Test Lab Simulates Bulk Handling Applications

Test laboratories can take the risk and guesswork out of designing and fabricating custom bulk handling equipment and systems by simulating any variety of field conditions in a controlled environment.

Following a move to new headquarters in Bethlehem, PA, in 2002, Flexicon Corporation unveiled a new test laboratory equipped with full-size flexible screw conveyors, pneumatic conveyors, bulk bag unloaders, bulk bag fillers, manual dumping stations, weigh batching systems and other bulk handling equipment. Each can be tested throughout its full range of sizes and configurations, both individually and as integrated, automated systems incorporating equipment manufactured by Flexicon and by others.

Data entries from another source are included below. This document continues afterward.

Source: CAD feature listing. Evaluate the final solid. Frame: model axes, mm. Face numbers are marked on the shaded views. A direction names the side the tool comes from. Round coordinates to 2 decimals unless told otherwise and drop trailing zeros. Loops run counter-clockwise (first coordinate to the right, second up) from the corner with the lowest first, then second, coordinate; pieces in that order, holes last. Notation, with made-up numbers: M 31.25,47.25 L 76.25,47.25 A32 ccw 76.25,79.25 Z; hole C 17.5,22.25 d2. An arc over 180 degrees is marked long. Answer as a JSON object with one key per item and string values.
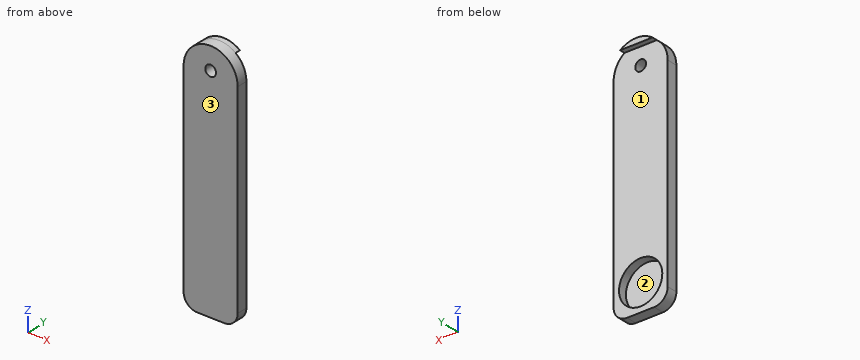
from build123d import *

# Parameters (mm, degrees)
SKETCH1_W           = 20
SKETCH1_H           = 80
BOSS_EXTRUDE1_DEPTH = 4
SKETCH8_R           = 10
BOSS_EXTRUDE2_DEPTH = 4
SKETCH9_R           = 8
CUT_EXTRUDE1_DEPTH  = 3.175
SKETCH10_R          = 2
CUT_EXTRUDE2_DEPTH  = 52.14684741
BOSS_EXTRUDE3_START = 2
BOSS_EXTRUDE3_DEPTH = 2
FILLET1_R           = 5


with BuildPart() as part:
    # Sketch1 → Boss-Extrude1 (new body)
    with BuildSketch(Plane(origin=(0, 0, 0), x_dir=(1, 0, 0), z_dir=(0, 1, 0))):
        Rectangle(SKETCH1_W, SKETCH1_H)
    extrude(amount=BOSS_EXTRUDE1_DEPTH)

    # Sketch8 → Boss-Extrude2 (add)
    with BuildSketch(Plane(origin=(0, 4, 0), x_dir=(1, 0, 0), z_dir=(0, 1, 0))):
        with Locations((0, -40)):
            Circle(SKETCH8_R)
    extrude(amount=-BOSS_EXTRUDE2_DEPTH)

    # Sketch9 → Cut-Extrude1 (cut)
    with BuildSketch(Plane(origin=(0, 4, 0), x_dir=(1, 0, 0), z_dir=(0, 1, 0))):
        with Locations(Location((0, 30, 0), (0, 0, 270))):
            Circle(SKETCH9_R)
    extrude(amount=-CUT_EXTRUDE1_DEPTH, mode=Mode.SUBTRACT)

    # Sketch10 → Cut-Extrude2 (cut, through all)
    with BuildSketch(Plane(origin=(0, 4, 0), x_dir=(1, 0, 0), z_dir=(0, 1, 0))):
        with Locations(Location((0, -41.7425, 0), (0, 0, 270))):
            Circle(SKETCH10_R)
    extrude(amount=-CUT_EXTRUDE2_DEPTH, mode=Mode.SUBTRACT)

    # Sketch11 → Boss-Extrude3 (add)
    with BuildSketch(Plane(origin=(0, 4, 0), x_dir=(1, 0, 0), z_dir=(0, 1, 0)).offset(BOSS_EXTRUDE3_START)):
        with BuildLine():
            Line((-6, -48), (6, -48))
            ThreePointArc((6, -48), (0, -50), (-6, -48))
        make_face()
    extrude(amount=-BOSS_EXTRUDE3_DEPTH)

    # Fillet1
    fillet1_edges = [part.edges().sort_by_distance(p)[0] for p in [
        (-10, 2, -40),
        (10, 2, -40),
    ]]
    fillet(fillet1_edges, radius=FILLET1_R)


solid = part.part
Item 1: Section B-B on z = -30. Return the cut outline in (x, y) (3 decimals), then the cut area to 3 significant figures.
Answer sheet:
{"outline": "M -10,0 L 10,0 L 10,4 L 8,4 L 8,0.825 L -8,0.825 L -8,4 L -10,4 Z", "area": "29.2 mm²"}
Item 2: Access query for the marked faces 1, 2 and 3. Directions: +Z, -Z, +X, -X, +Y, -Y. A direction counts if a zero-diameter tool reaches every point of the face in a straight line with its end or side. Return the directions, or none.
Answer sheet:
{"face 1": "-Z, +X, -X, +Y", "face 2": "+Y", "face 3": "+Z, -Z, +X, -X, -Y"}
Item 3: Section C-C on y = 3.25. Return the cut outline in (x, z), then the cut area to 3 significant figures.
Answer sheet:
{"outline": "M -10,-35 A5 ccw -5,-40 L 5,-40 A5 ccw 10,-35 L 10,40 A10 ccw -10,40 Z; hole C 0,-30 d16; hole C 0,41.74 d4", "area": "1,530 mm²"}
Item 4: Section D-D on z = -10. Return the cut outline in (x, y), then the cut area to 3 significant figures.
Answer sheet:
{"outline": "M -10,0 L 10,0 L 10,4 L -10,4 Z", "area": "80.0 mm²"}
Item 5: Line query: probe 1 along Z at (x, y) = (-0.25, 2.1); probe 2 along X at (y, z) = (1, -30.5); probe 3 along Y at (x, z) = (-5.5, 7). Output: solid intervals per line, ascending. Write a range as from..to.
Answer sheet:
{"probe 1": "z = -40..-38, -22..39.76, 43.73..50", "probe 2": "x = -10..-7.98, 7.98..10", "probe 3": "y = 0..4"}
Item 6: Section A-A on x = 0. Return the cut outline in (y, z) (1 decimal).
Answer sheet:
{"outline": "M 0,-40 L 4,-40 L 4,-38 L 0.8,-38 L 0.8,-22 L 4,-22 L 4,39.7 L 0,39.7 Z; M 0,43.7 L 4,43.7 L 4,48 L 6,48 L 6,50 L 0,50 Z"}
Item 7: Contact query for flat-ended pins moving along their axis: pin 1 Ø2 at (x, y) = (0.5, 5.5) entering from -Z; pin 2 Ø10 at (x, z) = (4, -10) entering from +Y. Output: stop coordinate, or through.
Answer sheet:
{"pin 1": "stops at z = 48", "pin 2": "stops at y = 4"}

The ability to replicate virtually any bulk handling process its customers may encounter often makes the difference between total success and failure, even with applications as seemingly straight-forward as manual dumping of bulk materials and conveying them for 7 ft at a 30° incline, as the experience of Sunnex, Inc., Springboro, OH, demonstrates.

Move Widely Disparate Materials

Sunnex, a manufacturer of adhesives, sealants and coatings for the auto industry, needed a better way to deposit 10 to 15 ingredients of materials having disparate flow characteristics and bulk densities, into two high-speed dispersers on a 10-ft high mezzanine. The company had been forklifting 50-lb bags to the mezzanine and manually dumping directly into the dispersers.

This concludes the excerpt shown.